Classic, Film, Hindi, Review

Deewaar

Vijay (Amitabh Bachchan) and Ravi (Shashi Kapoor) are two brothers, who were raised amidst much hardship by their strong-willed mother (Nirupa Roy) after their father abandons them. Vijay is very different from his brother as he has a more hot-headed temperament while Ravi is soft spoken and polite. Ravi struggles to find a job even though he is a graduate. Ravi meets his girlfriend’s (Neetu Singh) father, a police commissioner, and after meeting him he decides to join the police force and leaves for training. On the other hand, Vijay works in a shipping dock where he comes into contact with the underworld and is driven into the world of crime. Vijay’s primary reason to go into the underworld is because he has seen his mother suffer so much in life and he wants to provide her with all the luxuries of life. Then Ravi returns from his training having become a full-fledged policeman. The two brothers are separated by their duties as one protects the law while the other breaks it…

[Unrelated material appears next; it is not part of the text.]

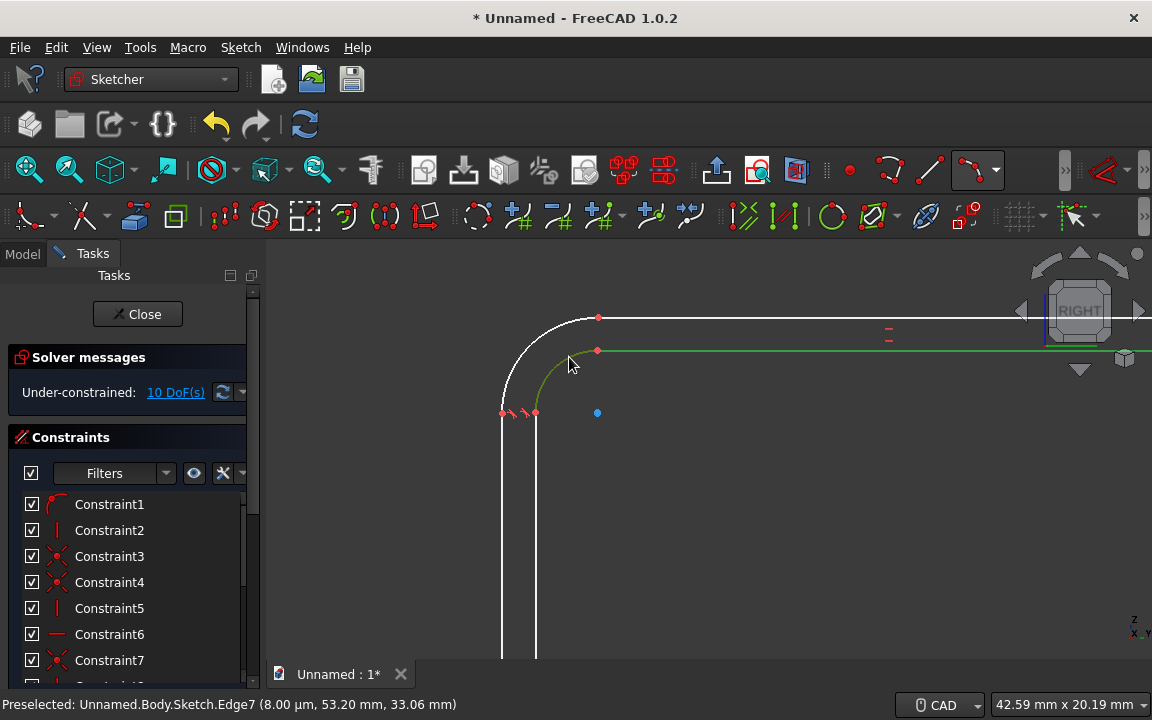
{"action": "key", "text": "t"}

Deewaar is probably one of the most memorable Hindi films of all time. The film is a perfect amalgamation of two older classics – Gunga Jumna (1961) that looks at the conflict between the good brother and the bad brother, and Mother India (1957) in which the mother undergoes all sorts of hardships to bring up her sons on her own, after she is abandoned by her husband.

The film contains all the stock-in-trade elements of the Indian melodrama – brothers on opposing sides, the long suffering mother as the central moral force, divine intervention and religious symbols but what sets it apart is the taut script, the powerful dialogues and above all, a powerhouse performance by Amitabh Bachchan! Deewaar is one of a series of films in which Bachchan plays the ‘angry young man’- the lone rebel, the man seeking personal vengeance and social justice, operating outside and more efficiently than the law. His character was said to have been based on the famous smuggler Haji Mastan Mirza and it is to Bachchan’s credit that he succeeds in humanizing the gangster and has the audience rooting for him rather than his law abiding younger brother.

The film also exploits popular religious sentiment. Bachchan is an atheist but he has blind faith in the miraculous power of the number 786, the number of his badge as a dockworker. (The number is as sacred to Muslims as Om is to Hindus) As long as he carries it on person, he remains invincible. While fleeing from the police his badge falls and slips out of reach and the bullet fired by his brother hits him. However, he reaches his mother in the temple and collapses and dies in her arms thus symbolizing his return to innocence.

Deewaar is also  prime example of the importance of the mother syndrome in Indian Cinema. The mother had grown from a minor character in early Indian Cinema to occupy centre stage as epitomised in Mother India. The highlight of the film is an exchange between the two estranged brothers who live separately. Bachchan tells Sashi Kapoor that what has Kapoor got in life being an honest cop – a job, a uniform a Government quarter and look at him (Bachchan). He has amassed much wealth, property. He has everything. What does Kapoor have? Kapoor retorts he has their mother! Bachchan has no answer to this… Till today, the mother figure is an extremely crucial factor to mainstream Indian Cinema. She is still deified and what is most interesting, is that she always has an obsessive relationship with her son(s) but hardly ever with her daughter(s)! Nirupa Roy lives her role as the long-suffering mother, which established her as the leading screen mother of Hindi Cinema of the 1970s and 1980s. The other characters mainly work as foils to the main cast and are competently handled. Mention, however, must be made of Parveen Babi who makes a strong impact  as Bachchan’s girlfriend – the whore with the Heart of gold.

The film has several impressive moments and is layered with irony and symbolism. When the mother and her two sons are forced to live on the streets in the background on the soundtrack we hear Sare Jahan Se Achcha! When Shashi Kapoor finds out his father is dead he just stops Nirupa Roy putting on her vermilion (sindoor) without saying a word rather than a standard scene where he would have to melodramatically announce his father’s death. The father who abandoned the family is shown shuttling inside moving trains all the time showing he has no fixed destination in life and when a train pulls up at Bombay at the end of its journey, he is found dead inside signifying the end of his journey in life as well.

On the flip side there is no real scope for music and though RD Burman does come up with a couple of hummable numbers – the two duets Keh Doon Tumhein and Maine Tujhe Maanga Tujhe Paaya Hai – they don’t really add much to the film overall. Also, the techniques of the 70s with excessive use of the zoom actually make the film look dated. But the life of the film is its powerful script and of course, Bachchan’s act  and they come through powerfully enough making Deewaar the classic it is.